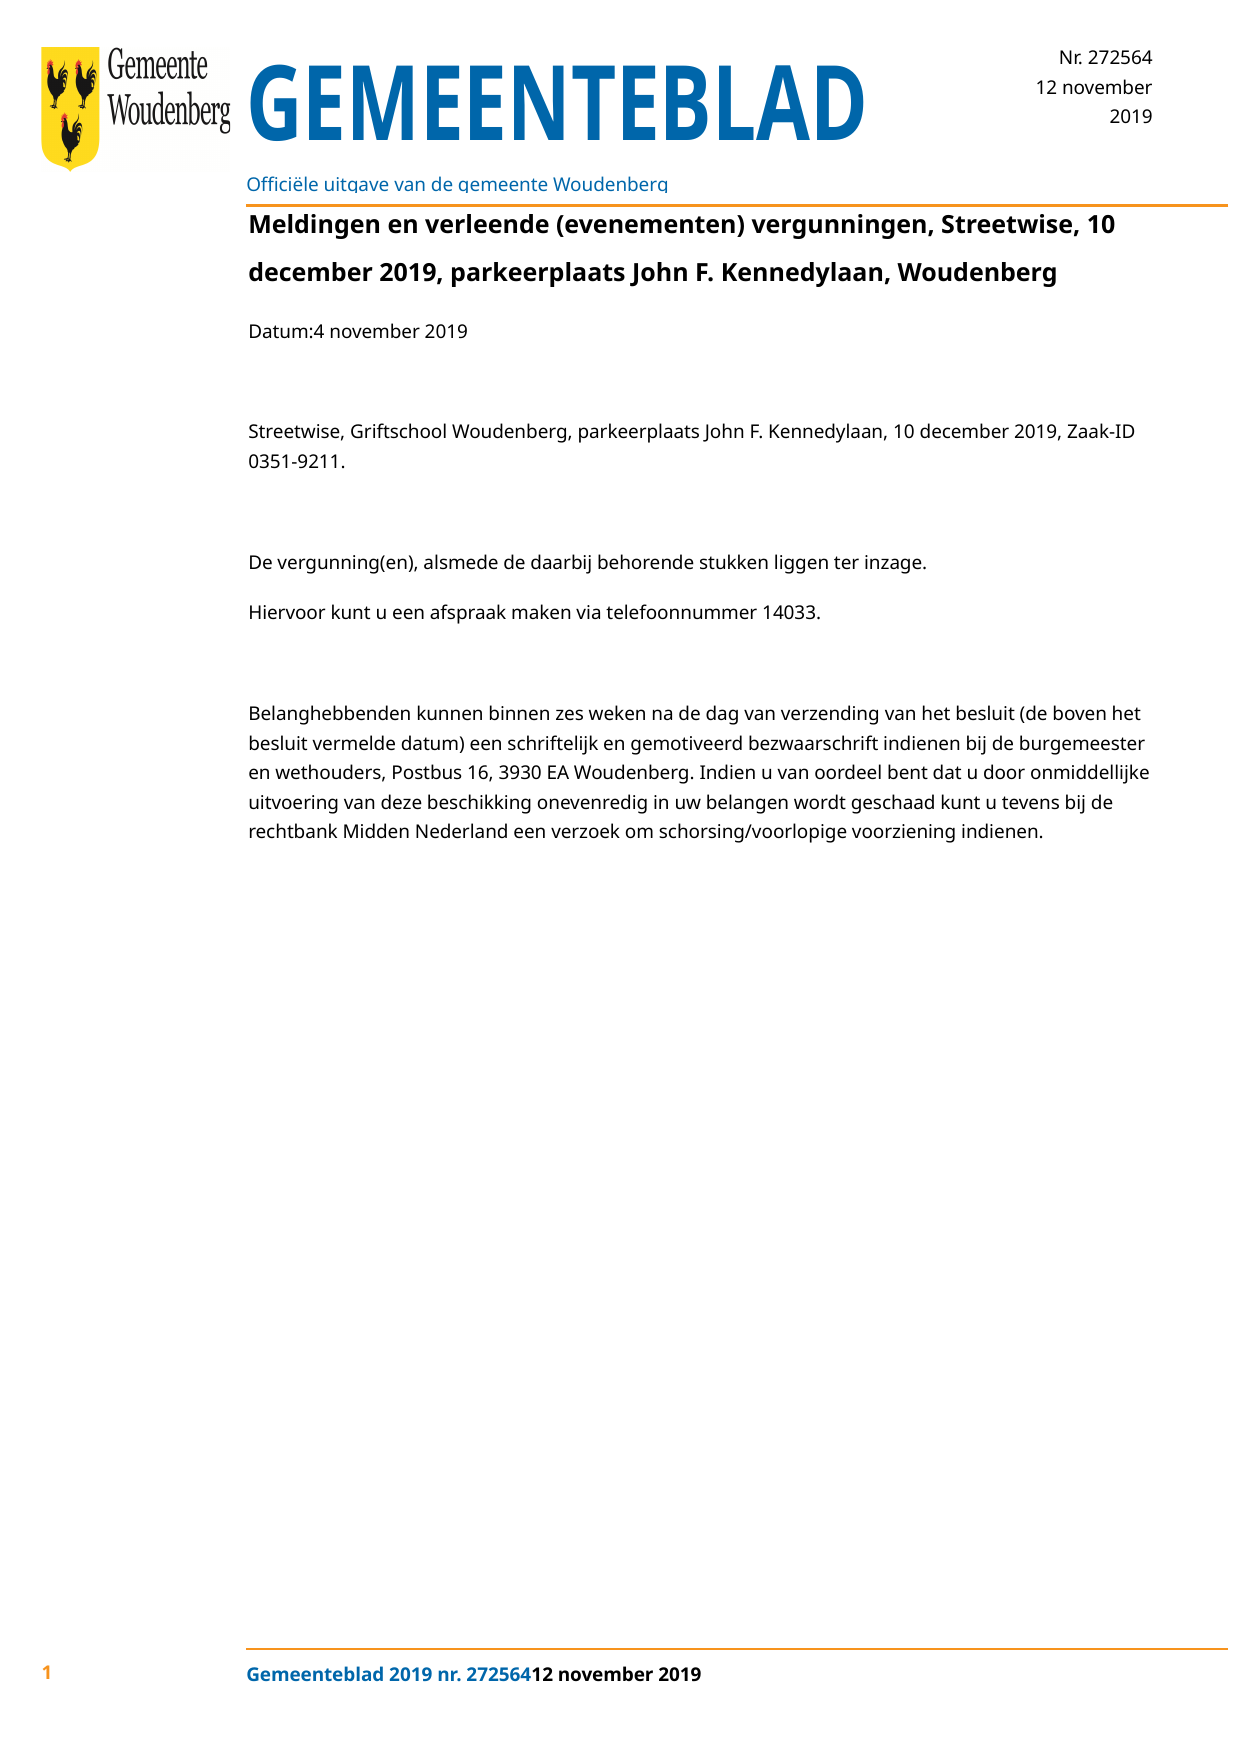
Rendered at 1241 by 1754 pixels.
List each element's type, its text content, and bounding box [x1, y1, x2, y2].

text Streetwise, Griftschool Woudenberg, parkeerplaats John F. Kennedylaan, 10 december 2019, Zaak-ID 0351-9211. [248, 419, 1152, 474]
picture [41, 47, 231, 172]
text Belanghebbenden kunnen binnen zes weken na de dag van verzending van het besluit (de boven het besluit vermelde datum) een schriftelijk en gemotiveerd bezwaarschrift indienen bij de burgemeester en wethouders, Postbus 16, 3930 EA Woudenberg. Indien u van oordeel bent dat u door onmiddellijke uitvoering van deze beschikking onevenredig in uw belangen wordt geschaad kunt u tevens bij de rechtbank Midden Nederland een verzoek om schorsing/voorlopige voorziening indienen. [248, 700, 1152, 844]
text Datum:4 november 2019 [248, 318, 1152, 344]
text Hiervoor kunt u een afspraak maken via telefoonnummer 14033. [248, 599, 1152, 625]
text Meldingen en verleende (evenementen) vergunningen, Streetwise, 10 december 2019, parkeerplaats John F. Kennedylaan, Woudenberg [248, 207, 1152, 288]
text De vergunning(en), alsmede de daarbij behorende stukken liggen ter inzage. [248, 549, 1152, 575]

━━━━━━━━━━━━━━━━━━━━

=== Exercise ===
Set down nothing but the lines from the one containing "text Hiervoor kunt" through the final line above, exactly as written.

=== Response below ===
text Hiervoor kunt u een afspraak maken via telefoonnummer 14033. [248, 599, 1152, 625]
text Meldingen en verleende (evenementen) vergunningen, Streetwise, 10 december 2019, parkeerplaats John F. Kennedylaan, Woudenberg [248, 207, 1152, 288]
text De vergunning(en), alsmede de daarbij behorende stukken liggen ter inzage. [248, 549, 1152, 575]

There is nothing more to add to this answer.